Since SCM was now operating at the family level, they said they were not able to directly address this question. However, the improved accuracy of the central plan (since it was not operating at the family level) offset this need. However, the VP of manufacturing technology and the director of manufacturing knew it was a critical question that needed to be addressed. They assigned it to the old guy who it turns out started at the firm with the VP of manufacturing technology. He had an old friend in demand management, and they created a series of demand estimates at the product level to help address this question. An example of community intelligence.

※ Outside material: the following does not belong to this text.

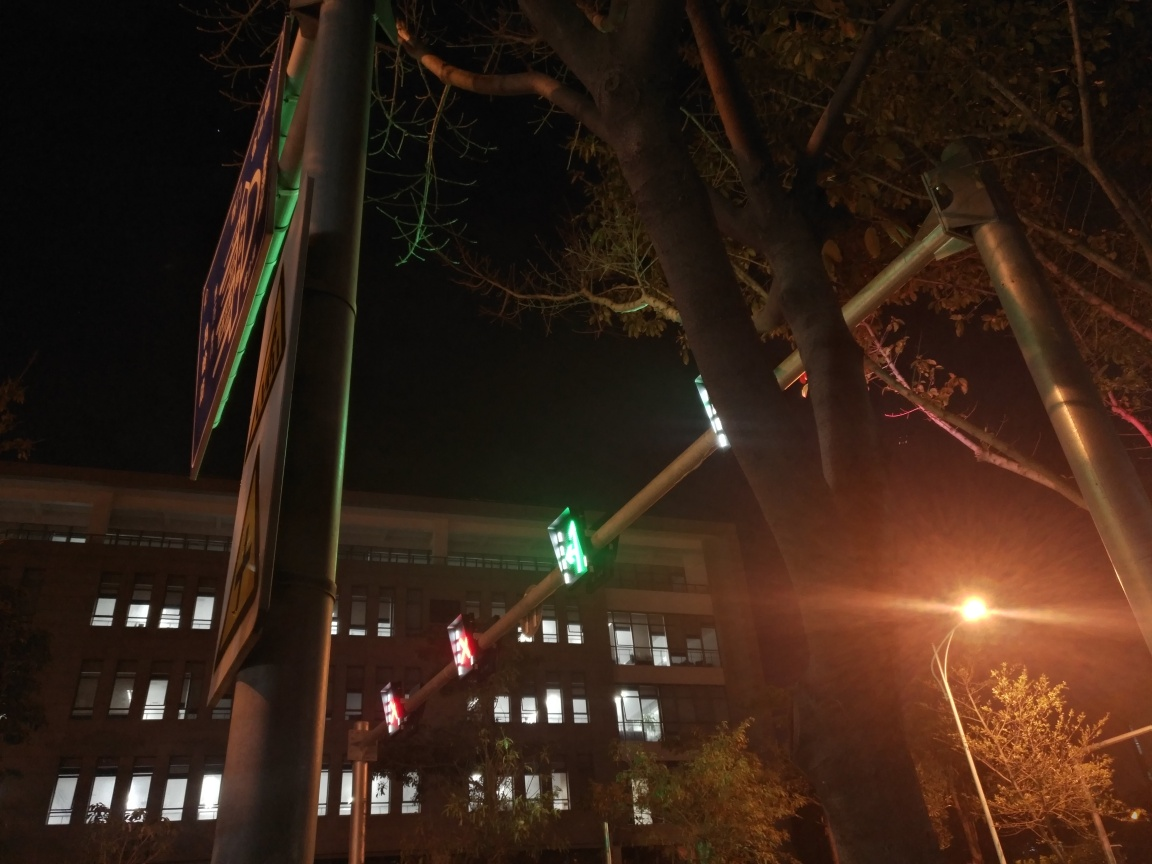Can we make any assumptions about the location based on the signage in the image? It appears to be an urban setting likely in a country where English is used, judging by the street signs. The presence of traffic lights and pedestrian crossing signals suggests it could be near a busy intersection or along a main road in the city. 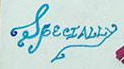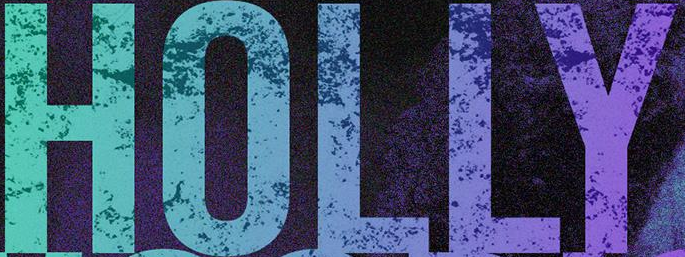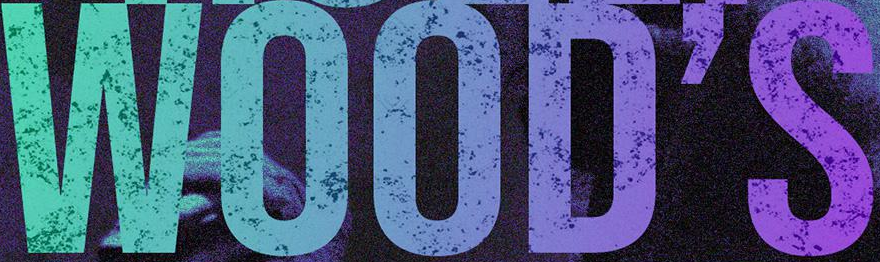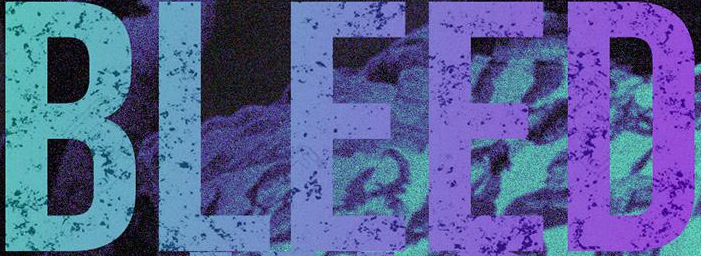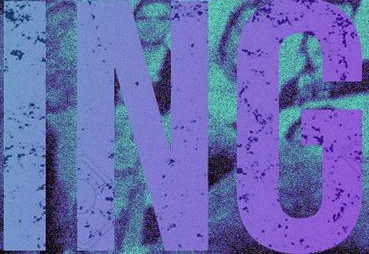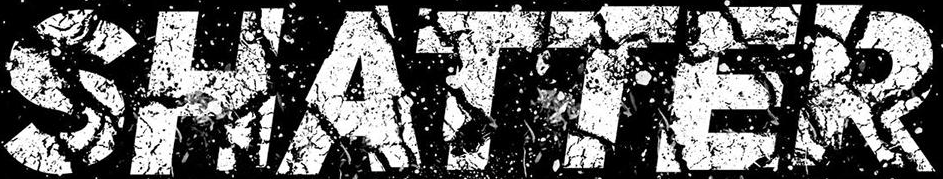Identify the words shown in these images in order, separated by a semicolon. SpecIALLy; HOLLY; WOOD'S; BLEED; ING; SHATTER

As a result of the success of moving from product to family in SCM the manager of demand planning was promoted to SCM director, and the elimination of uncertainty was heralded wide and far.
Of course, if you have been paying attention, the use of uncertain product-level demand estimates simply moved from the demand statement to a back level communication in an Excel file from SCM to the factory planner to the old guy. The old guy had automated and extended the logic to estimate family level parameters which read in the Excel and posted family level production specifications to the official table that personalized the CPE.
The failure to see a substantial improvement in the performance of the solve time of the CPE was never determined. However, the addition of lot sizing and binaries (to insure for any given time bucket only T-shirts or button-ups were made, but not both) dramatically increased solve time.
Of course, after a reasonable period of time elapsed, a new Elixir appeared (perhaps demand priorities or too much variation in the build process between products in a family) that required planning at the product level.
The old guy simply kept notes for his memoirs and went golfing until the next Elixir appeared.